[Task instructions]: Find all the lines in the material below with the word "Numbers", and copy them.

[Source material]:

+--

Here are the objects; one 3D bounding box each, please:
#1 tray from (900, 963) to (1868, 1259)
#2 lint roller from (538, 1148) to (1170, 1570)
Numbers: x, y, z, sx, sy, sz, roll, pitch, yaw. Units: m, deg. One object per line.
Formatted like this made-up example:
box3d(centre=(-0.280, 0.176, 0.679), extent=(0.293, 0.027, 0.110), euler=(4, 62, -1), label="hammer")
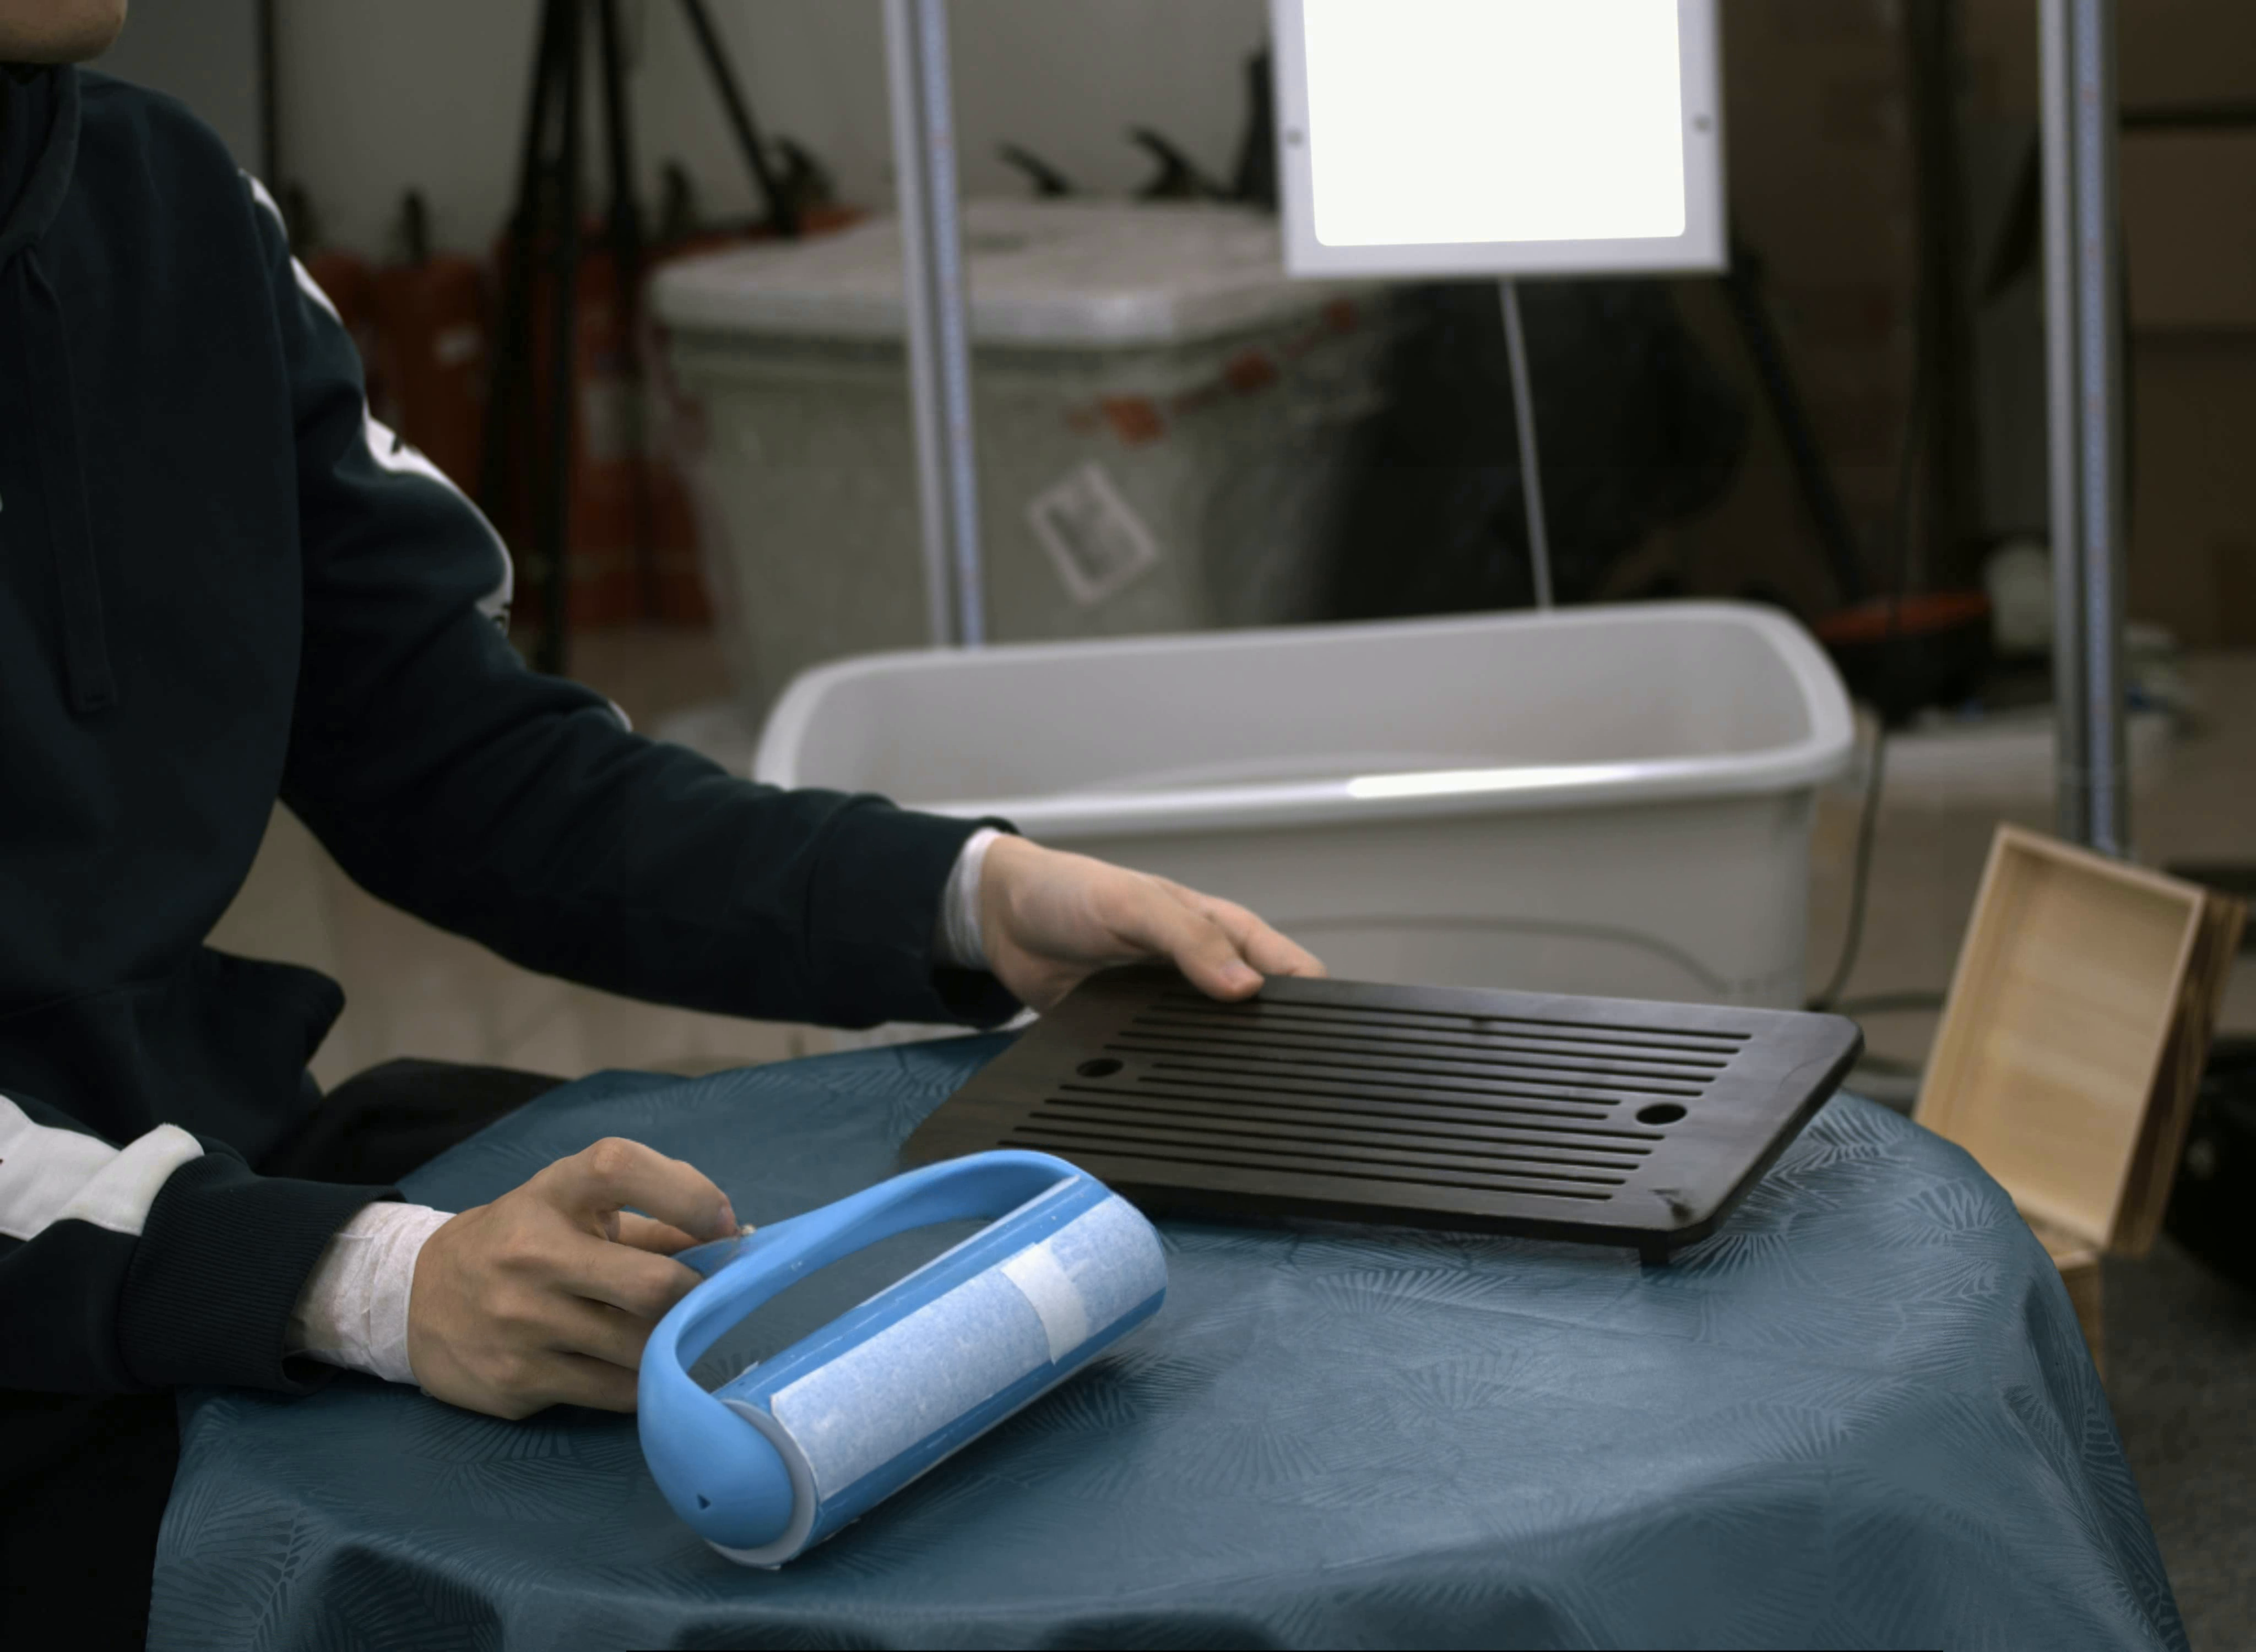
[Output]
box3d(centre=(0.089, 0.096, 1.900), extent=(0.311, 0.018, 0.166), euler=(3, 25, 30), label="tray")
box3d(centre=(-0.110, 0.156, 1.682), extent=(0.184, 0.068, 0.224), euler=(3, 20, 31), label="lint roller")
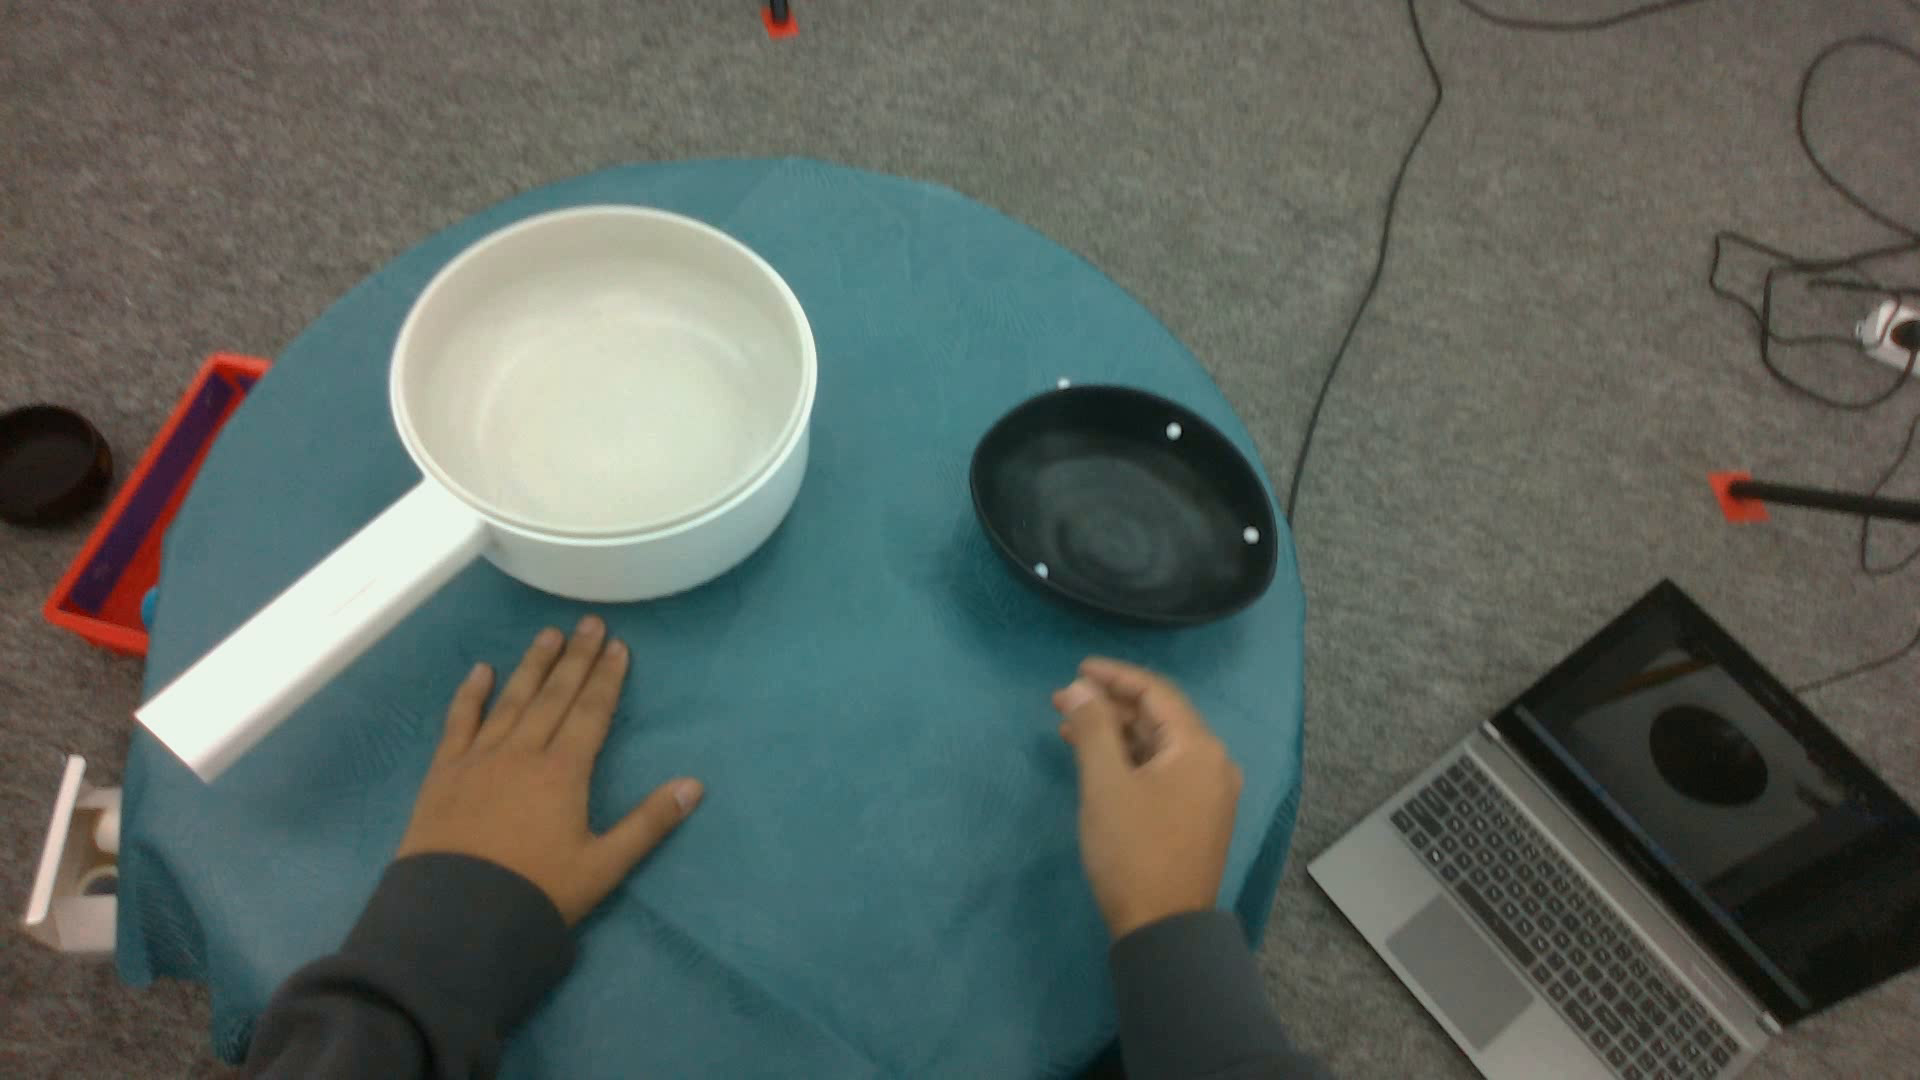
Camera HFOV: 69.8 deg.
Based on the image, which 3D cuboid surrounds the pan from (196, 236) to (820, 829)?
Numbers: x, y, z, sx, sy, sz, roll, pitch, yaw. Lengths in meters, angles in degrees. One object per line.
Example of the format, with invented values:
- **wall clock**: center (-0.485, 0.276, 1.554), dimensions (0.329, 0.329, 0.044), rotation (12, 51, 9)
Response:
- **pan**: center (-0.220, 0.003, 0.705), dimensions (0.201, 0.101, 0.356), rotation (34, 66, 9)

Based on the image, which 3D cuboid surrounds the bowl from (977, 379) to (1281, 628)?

+--

[Task response]:
Numbers: x, y, z, sx, sy, sz, roll, pitch, yaw. Units: m, deg. One object per line.
Numbers: x, y, z, sx, sy, sz, roll, pitch, yaw. Lengths in meters, angles in degrees. One object per line.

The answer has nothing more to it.